REQUIRED ACTION
The entries are to be written out word for word, with their images left out.

◇ ◇ ◇ ◇ ◇ ◇ ◇

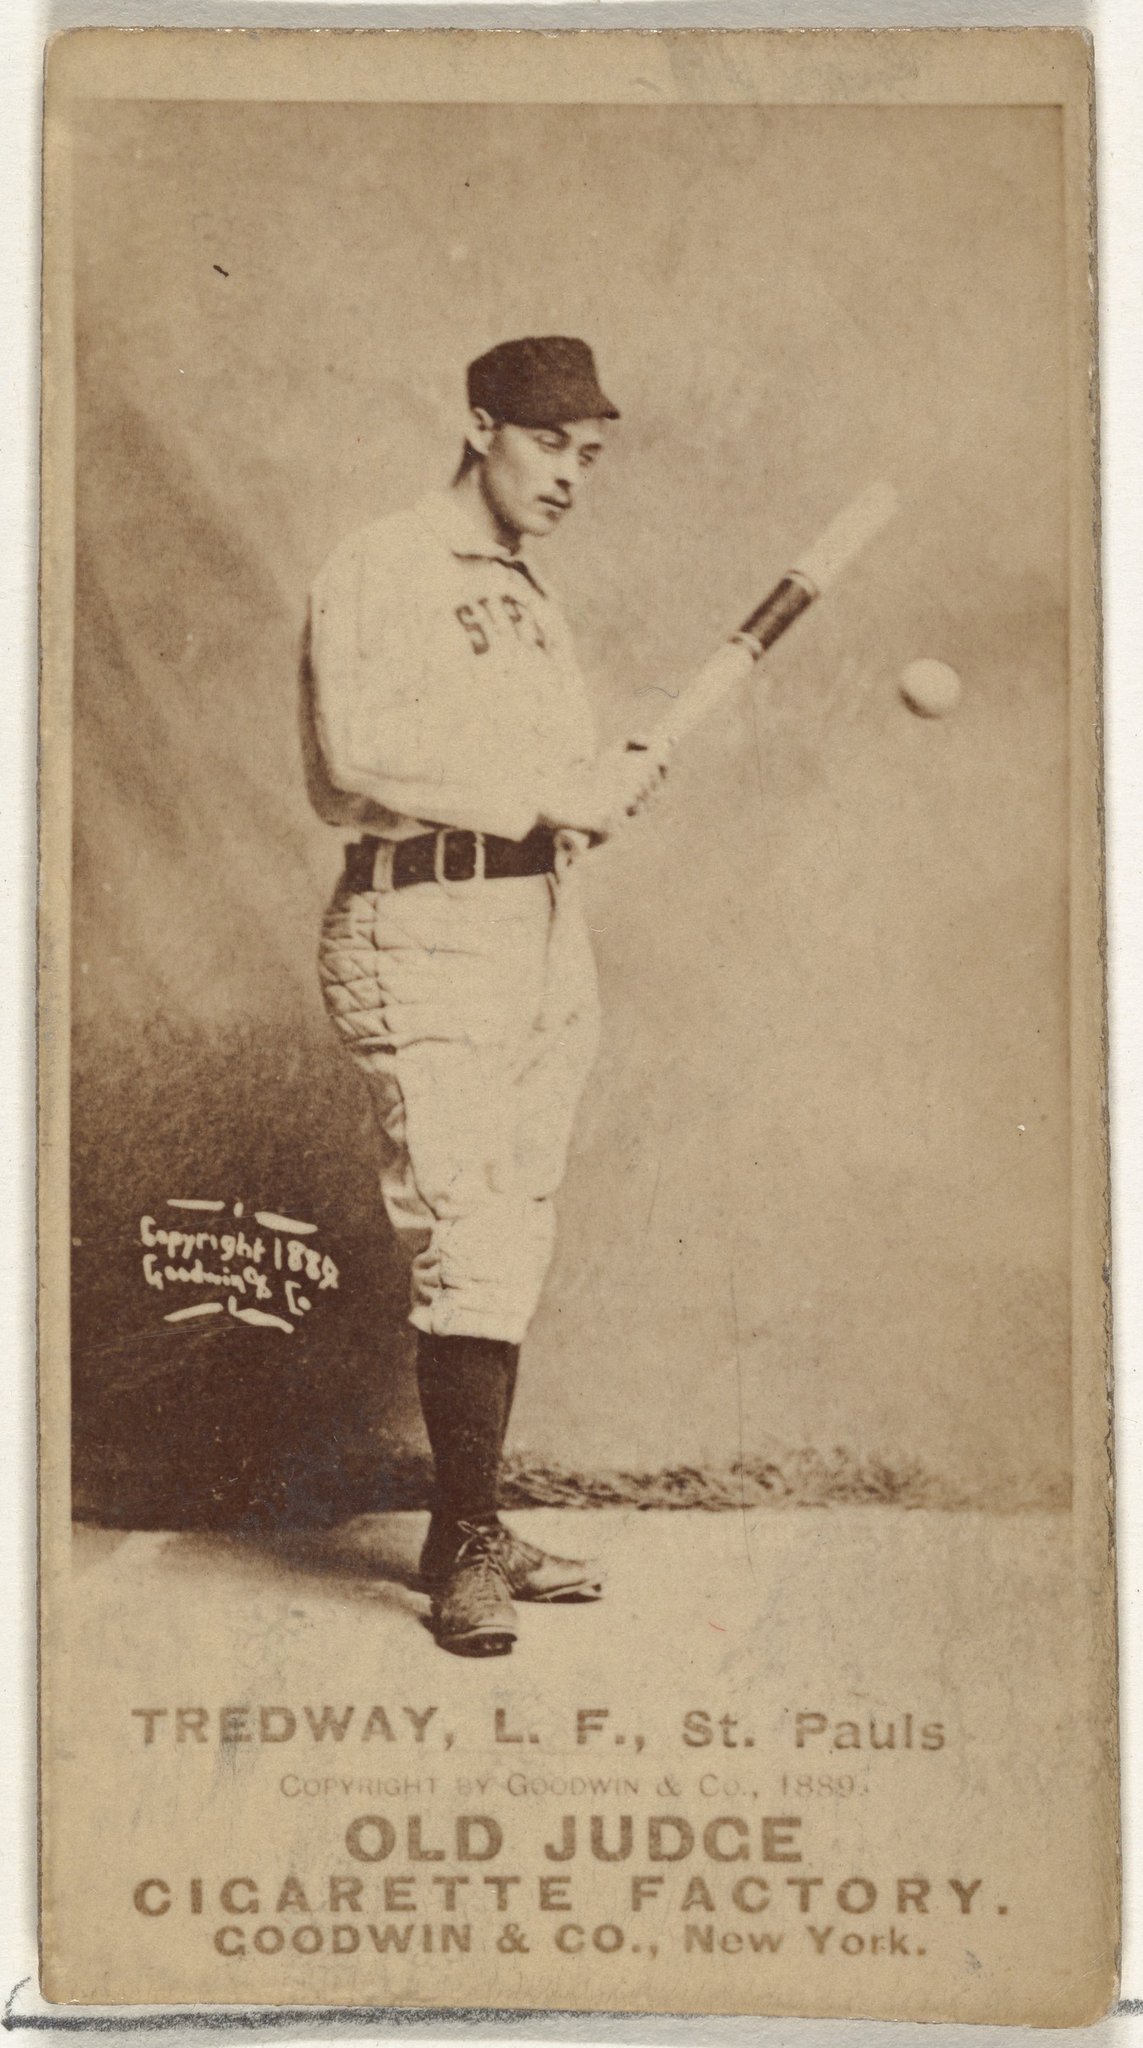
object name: baseball card, photograph
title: George B. Treadway, Left Field, St. Paul Apostles, from the Old Judge series (N172) for Old Judge Cigarettes
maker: goodwin & company
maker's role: publisher
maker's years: 1850-1950
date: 1889
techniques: albumen silver print
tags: men,portraits,baseball,athletes
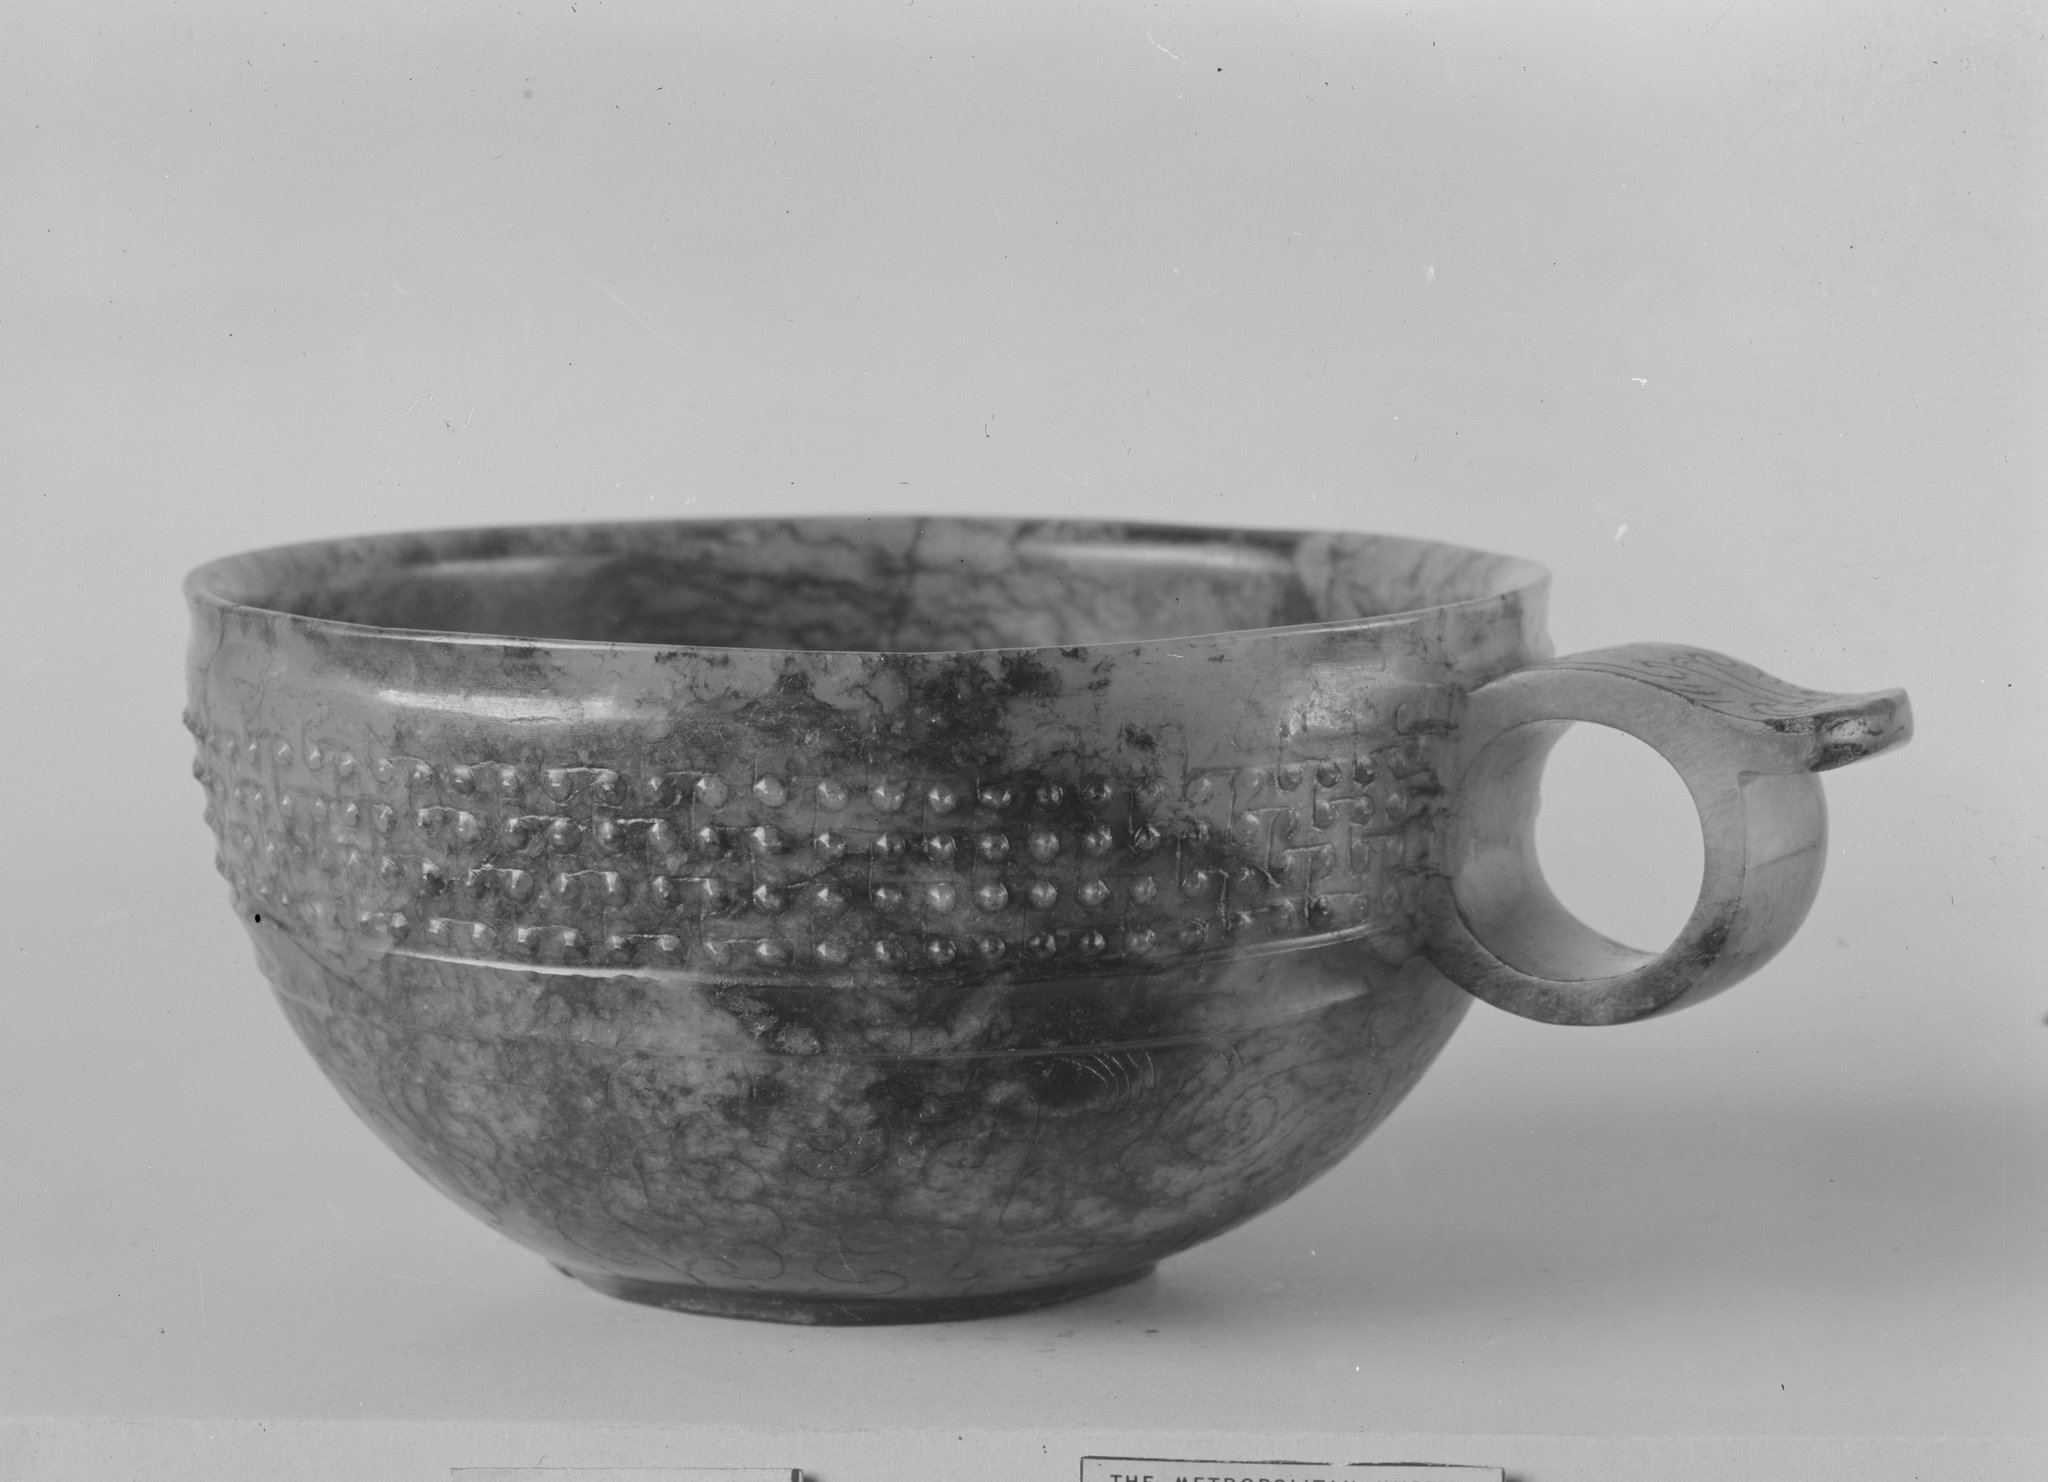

◇ ◇ ◇ ◇ ◇ ◇ ◇

SOLUTION FOR THIS TASK
object name: baseball card, photograph
title: George B. Treadway, Left Field, St. Paul Apostles, from the Old Judge series (N172) for Old Judge Cigarettes
maker: goodwin & company
maker's role: publisher
maker's years: 1850-1950
date: 1889
techniques: albumen silver print
tags: men,portraits,baseball,athletes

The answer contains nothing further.